O Egito tem colaborado com o bloqueio israelense a Gaza desde 2007. O Irã, por sua vez, tenta usar de forma oportunista a causa palestina como ferramenta para atingir outros objetivos em sua política externa para a região.

Se é verdade que o regime sírio apoiou o Hamas, a ajuda foi drasticamente reduzida quando a organização palestina recusou-se a apoiar a contrarrevolução que esmagou o levante democrático de 2011. As ligações formais foram retomadas apenas depois da eleição dos novos líderes da organização, Ismail Haniyeh e de Saleh al-Arouri.

Tehran colaborou com o imperialismo norte-americano no Afeganistão e no Iraque. Por esse motivo, na última onda de protestos no Iraque, manifestantes marcharam sob a consigna “nem EUA, nem Irã”. Esses exemplos colocam em xeque a ideia de que o Irã seria um aliado confiável da causa Palestina ou mesmo que seria um Estado anti-imperialista.

Já a Turquia, apesar da retórica antissionista do governo, mantém fortes laços econômicos com Israel. Erdogan aumentou o volume de trocas com Tel Aviv de US$1,4 bilhão, em 2014, quando chegou ao poder, para US$6,5 bilhões, em 2020. Assim, o regime apoia a causa palestina quando é favorável a seus interesses, traindo a luta quando ela colide com sua estratégia de poder regional.

A falência dos acordos de paz apoiados pelo imperialismo norte-americano

Com a falência da estratégia de aliança com os regimes da região, a OLP optou por um caminho ainda pior: a tentativa de um acordo de paz mediado pelos EUA e outras grandes potências. A esperança era assegurar um compromisso de dois Estados através dos Acordos de Oslo, assinados em 1993.

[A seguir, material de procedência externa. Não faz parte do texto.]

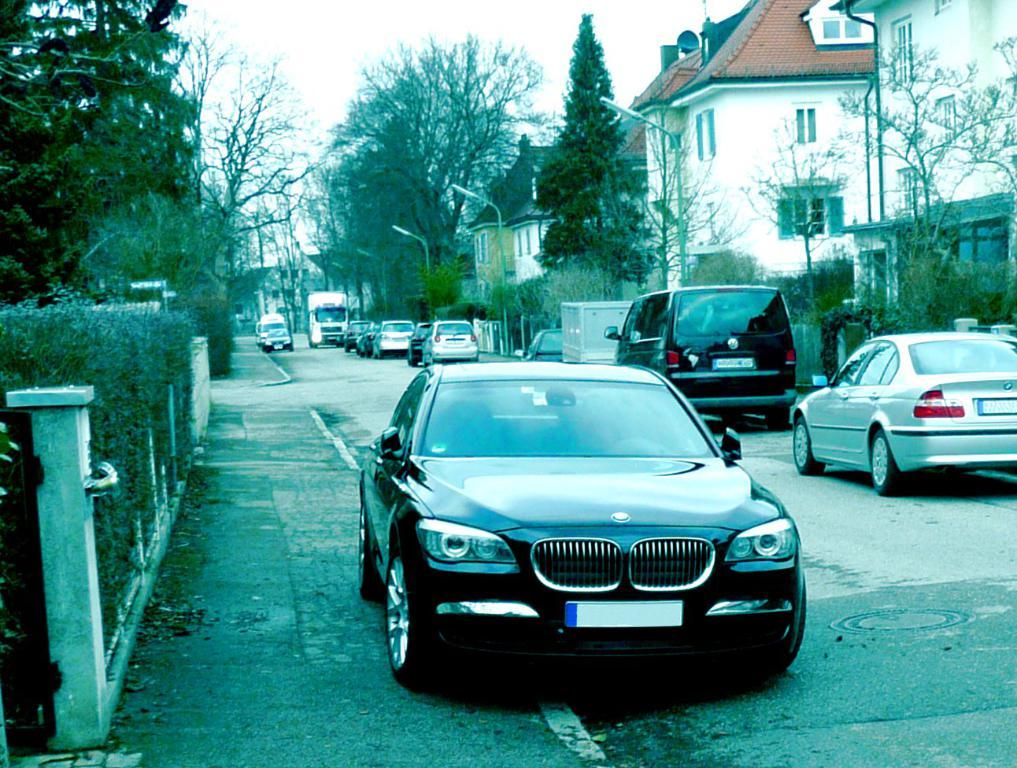What type of structures can be seen in the image? There are buildings in the image. What is happening in front of the buildings? There are vehicles on the road in front of the buildings. What type of lighting is present in the image? There are street lights in the image. What type of vegetation is visible in the image? There are trees in the image. What can be seen above the buildings and trees? The sky is visible in the image. How many teeth can be seen on the buildings in the image? There are no teeth present on the buildings in the image; teeth are a characteristic of living organisms, not structures.

O acordo equivalia à rendição. Aceitando a ocupação da Palestina histórica pelos sionistas, ganharia, na melhor das hipóteses, um falso Estado palestino, traindo o direito de retorno dos refugiados às suas terras roubadas por Israel. Em última análise, o processo de paz relegou à Autoridade Palestina o domínio sobre uma espécie de bantustão – territórios com limitada autonomia na África do Sul separados para habitantes negros, como parte da política de apartheid – inteiramente submetido a Israel.

Esse resultado desastroso não deveria causar grande surpresa. Os EUA e outras potências imperialistas sempre apoiaram Israel como sua força policial local contra a transformação revolucionária nos países vizinhos, uma política que modificou seu controle sobre as estratégicas reservas energéticas da região.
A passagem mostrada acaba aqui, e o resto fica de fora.